Gwen left Rugar woods quickly, afraid she might just kill her biological father with a single stroke of her wand. She apparated quickly to Hogwarts finding that the weather had changed from snowy to rainy in the short time that she'd been gone. It was raining steadily pouring in fact and there was no way she could make it to the castle without getting soaked.
As she came to the doors, dripping from her cloak, her hair plastered to the sides of her face she was surprised to see that Graves was standing under the stoop covering that housed the stairs up to the great doors. He looked up at her apprehensively, but he knew that he needn't push. She would tell him what it was that she needed to say. She only required patience and a little time.
Her words came out strained, her face soaked with rain and tears. "I just hoped that one day I would wake up and be afraid of him. I just kept denying it because I wanted to wake up and be normal. But I can never be normal."
"What are you trying to say?" He prompted softly, unsure of what she meant or where she was taking this conversation.
She closed her eyes. "Some people wish for extraordinary things to happen to them. But when it happens they wish it hadn't. Tragedy is an extraordinary thing and they don't often realize that when they make their wishes. One morning you wake up knowing you can make magic, but you regret it the next when you realize that it must be kept secret from the muggles. You find that great responsibility isn't worth the ability to fly."
Graves understood that feeling. He had felt it long ago when he found he could make things happen when he was feeling some great extreme of emotion. Yet he had found over the years that you get used to such things, they become commonplace like lost keys or arguments between siblings. You begin to see magic as a mundane thing.
And then Gwen had walked into his life and threw mundane out of the window. He hadn't had a moment of peace in his soul if she was near, but he wanted that restless tug. He wanted the feeling like the pull of the tide responding to the moon's sweet face. He wanted the ache that filled his limbs when she held him.
She had become his best friend before he even knew her. When they met she had become so much more. He looked at her now, not bothering to hide his intense longing to sweep her up in his arms and take away all her troubles.
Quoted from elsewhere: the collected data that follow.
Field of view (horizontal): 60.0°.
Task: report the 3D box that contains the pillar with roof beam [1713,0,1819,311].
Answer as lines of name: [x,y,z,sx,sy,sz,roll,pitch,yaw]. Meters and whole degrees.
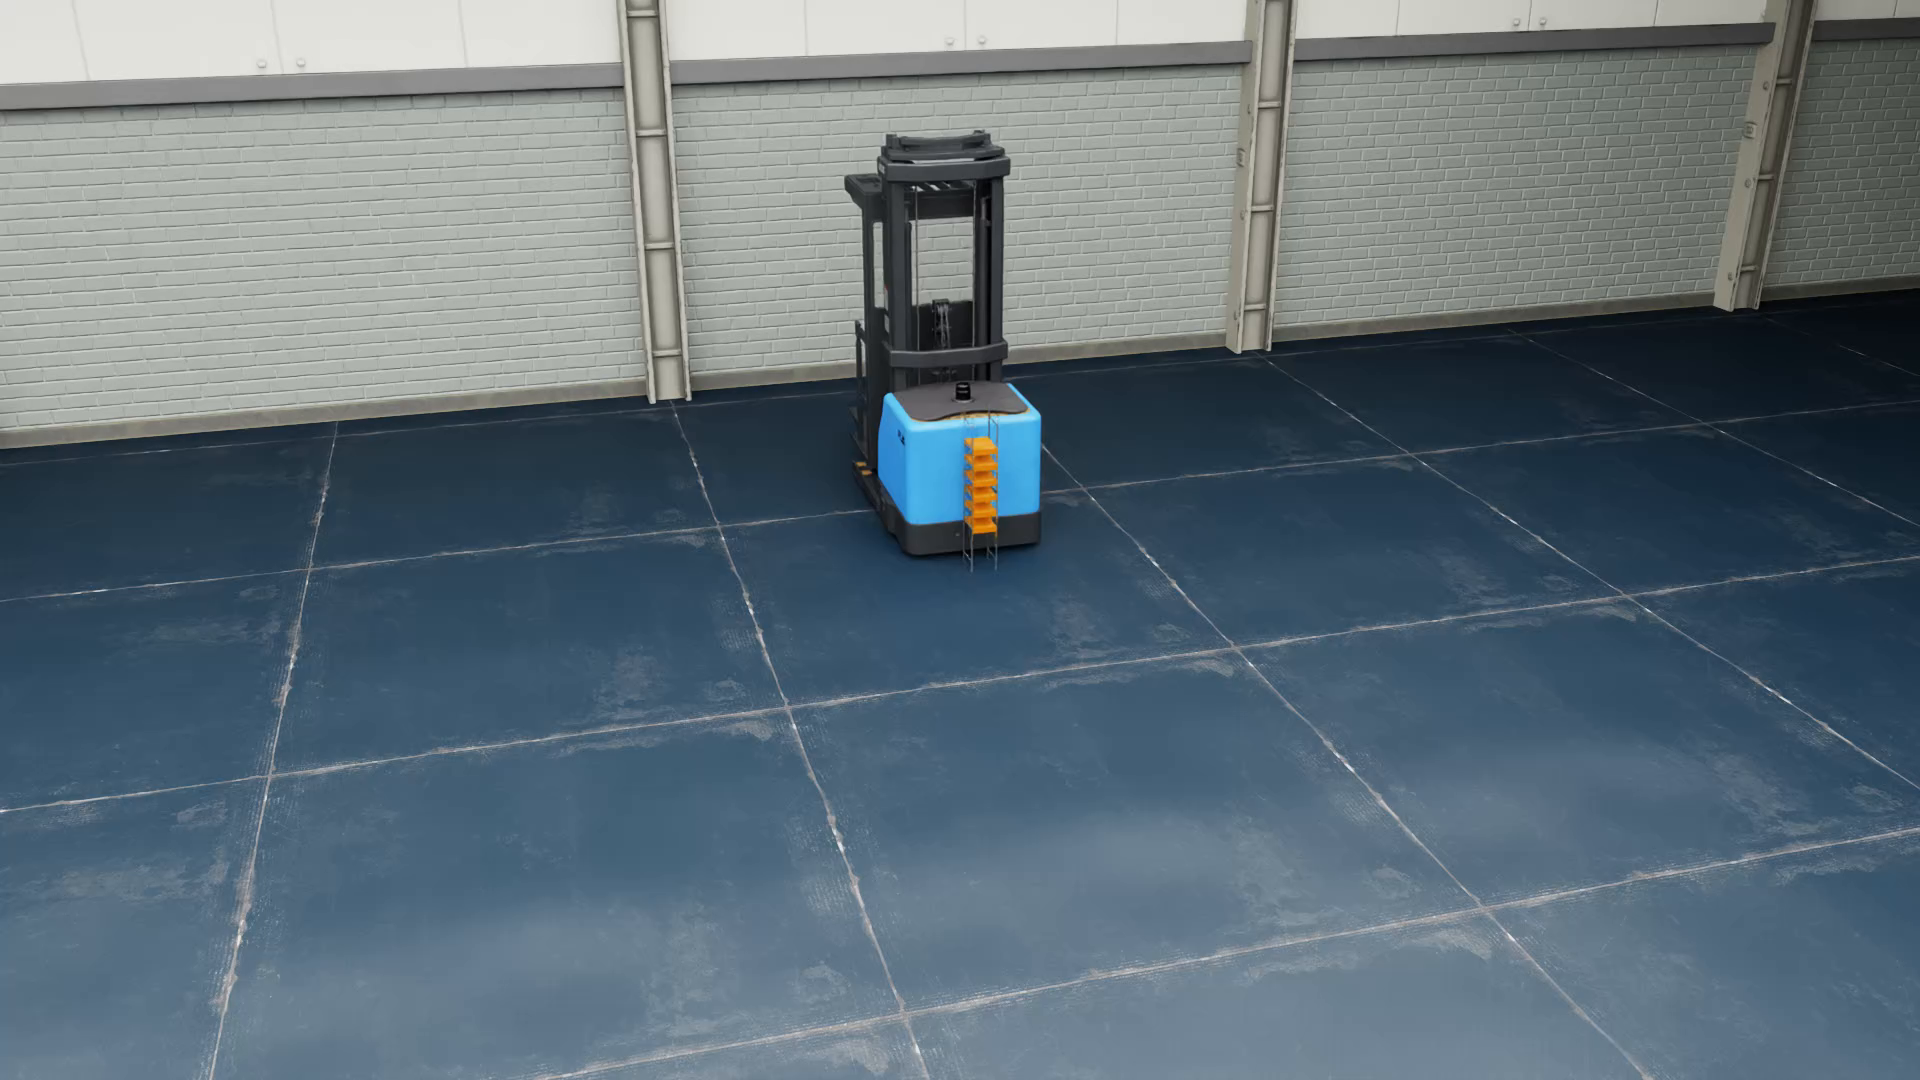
pillar with roof beam: [9.943,-5.145,13.258,0.400,9.000,9.100,-6,24,-14]

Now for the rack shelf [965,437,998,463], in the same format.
rack shelf: [0.149,-0.649,11.869,0.180,0.103,0.258,-6,24,-14]

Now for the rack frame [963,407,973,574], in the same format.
rack frame: [0.060,-0.350,11.973,0.006,1.200,0.240,-6,24,-14]

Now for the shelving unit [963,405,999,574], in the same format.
shelving unit: [0.148,-0.360,11.995,0.189,1.200,0.258,-6,24,-14]

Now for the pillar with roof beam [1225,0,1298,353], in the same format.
pillar with roof beam: [4.166,-4.506,11.768,0.400,9.000,9.100,-6,24,-14]

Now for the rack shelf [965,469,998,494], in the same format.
rack shelf: [0.148,-0.429,11.965,0.180,0.103,0.258,-6,24,-14]

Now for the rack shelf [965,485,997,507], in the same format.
rack shelf: [0.148,-0.319,12.013,0.180,0.103,0.258,-6,24,-14]

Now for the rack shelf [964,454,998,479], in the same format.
rack shelf: [0.148,-0.539,11.917,0.180,0.103,0.258,-6,24,-14]

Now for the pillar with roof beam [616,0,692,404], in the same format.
pillar with roof beam: [-1.611,-3.866,10.279,0.400,9.000,9.100,-6,24,-14]

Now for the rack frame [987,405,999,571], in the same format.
rack frame: [0.236,-0.369,12.017,0.006,1.200,0.240,-6,24,-14]

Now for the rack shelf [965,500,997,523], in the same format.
rack shelf: [0.148,-0.209,12.061,0.180,0.103,0.258,-6,24,-14]

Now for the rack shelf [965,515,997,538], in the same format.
rack shelf: [0.148,-0.099,12.109,0.180,0.103,0.258,-6,24,-14]

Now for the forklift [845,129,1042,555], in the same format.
forklift: [-0.267,-1.790,13.136,1.130,2.935,3.031,-6,24,-14]
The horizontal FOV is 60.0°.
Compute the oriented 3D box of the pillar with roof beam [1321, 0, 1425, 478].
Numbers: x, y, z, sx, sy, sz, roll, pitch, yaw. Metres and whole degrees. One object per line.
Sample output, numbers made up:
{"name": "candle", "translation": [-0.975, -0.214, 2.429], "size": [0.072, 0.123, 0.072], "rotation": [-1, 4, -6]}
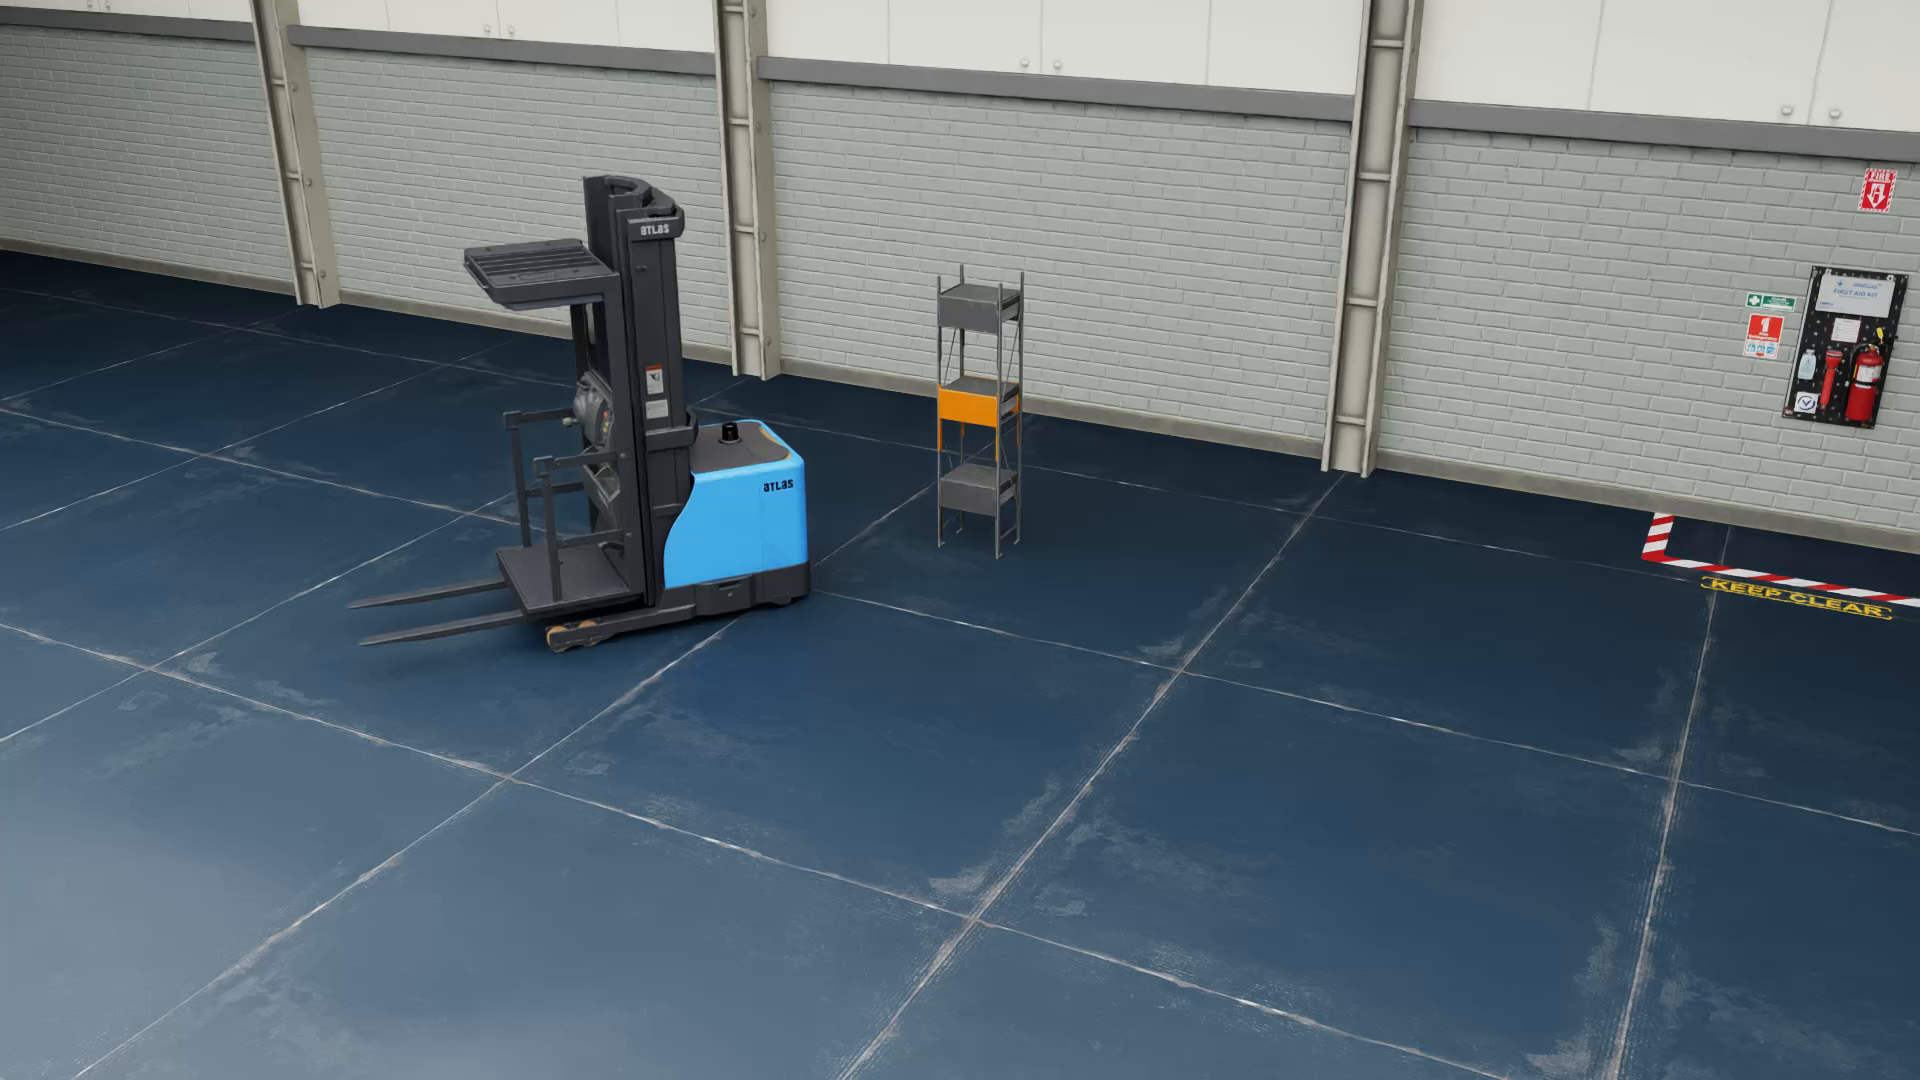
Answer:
{"name": "pillar with roof beam", "translation": [1.377, -3.249, 8.917], "size": [0.400, 9.000, 9.100], "rotation": [11, 25, 25]}

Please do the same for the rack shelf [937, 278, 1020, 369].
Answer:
{"name": "rack shelf", "translation": [0.148, -1.569, 12.028], "size": [0.480, 0.518, 0.431], "rotation": [11, 25, 25]}

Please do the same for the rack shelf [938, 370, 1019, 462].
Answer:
{"name": "rack shelf", "translation": [0.148, -0.924, 12.302], "size": [0.480, 0.518, 0.431], "rotation": [11, 25, 25]}

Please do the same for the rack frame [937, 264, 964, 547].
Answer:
{"name": "rack frame", "translation": [-0.070, -0.980, 12.398], "size": [0.015, 2.100, 0.400], "rotation": [11, 25, 25]}

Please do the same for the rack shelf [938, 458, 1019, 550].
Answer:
{"name": "rack shelf", "translation": [0.148, -0.280, 12.576], "size": [0.480, 0.518, 0.431], "rotation": [11, 25, 25]}

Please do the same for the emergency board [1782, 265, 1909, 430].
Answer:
{"name": "emergency board", "translation": [6.486, -1.382, 12.192], "size": [0.643, 1.169, 0.194], "rotation": [11, 25, 25]}

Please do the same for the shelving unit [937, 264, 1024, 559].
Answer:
{"name": "shelving unit", "translation": [0.148, -0.937, 12.297], "size": [0.503, 2.100, 0.431], "rotation": [11, 25, 25]}

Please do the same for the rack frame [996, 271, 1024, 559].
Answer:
{"name": "rack frame", "translation": [0.365, -0.894, 12.195], "size": [0.015, 2.100, 0.400], "rotation": [11, 25, 25]}

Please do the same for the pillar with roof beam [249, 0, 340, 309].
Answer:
{"name": "pillar with roof beam", "translation": [-9.332, -5.368, 13.899], "size": [0.400, 9.000, 9.100], "rotation": [11, 25, 25]}

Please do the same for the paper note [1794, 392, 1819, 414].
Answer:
{"name": "paper note", "translation": [6.359, -1.032, 12.495], "size": [0.142, 0.148, 0.016], "rotation": [11, 25, 25]}

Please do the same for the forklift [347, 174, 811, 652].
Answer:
{"name": "forklift", "translation": [-2.611, -0.842, 11.012], "size": [3.031, 2.935, 1.130], "rotation": [-10, 25, -23]}

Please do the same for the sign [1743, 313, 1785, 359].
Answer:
{"name": "sign", "translation": [6.039, -1.532, 12.500], "size": [0.234, 0.329, 0.001], "rotation": [11, 25, 25]}

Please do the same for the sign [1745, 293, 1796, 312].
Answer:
{"name": "sign", "translation": [6.039, -1.772, 12.387], "size": [0.331, 0.109, 0.001], "rotation": [11, 25, 25]}

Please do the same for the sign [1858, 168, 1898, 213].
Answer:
{"name": "sign", "translation": [6.524, -2.485, 11.824], "size": [0.199, 0.298, 0.001], "rotation": [11, 25, 25]}

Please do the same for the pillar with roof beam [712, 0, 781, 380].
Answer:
{"name": "pillar with roof beam", "translation": [-3.977, -4.308, 11.408], "size": [0.400, 9.000, 9.100], "rotation": [11, 25, 25]}

She took a deep breath, her shoulders shuddering enough for Graves to worry that perhaps they should move inside. He slid an arm around her, intending to guide her indoors but she simply shirked his arm off her back. He stopped and remained perfectly still. It was so cold and she was so wet, but something was keeping her from joining the others.
She reached out a hand in apology, but found that they were shaking violently. She pulled them back immediately and began to pull on her fingers, trying to contain the shivers of nerves built up over nineteen and a half years.
"I found my father." She finally said as lightning arched across the sky.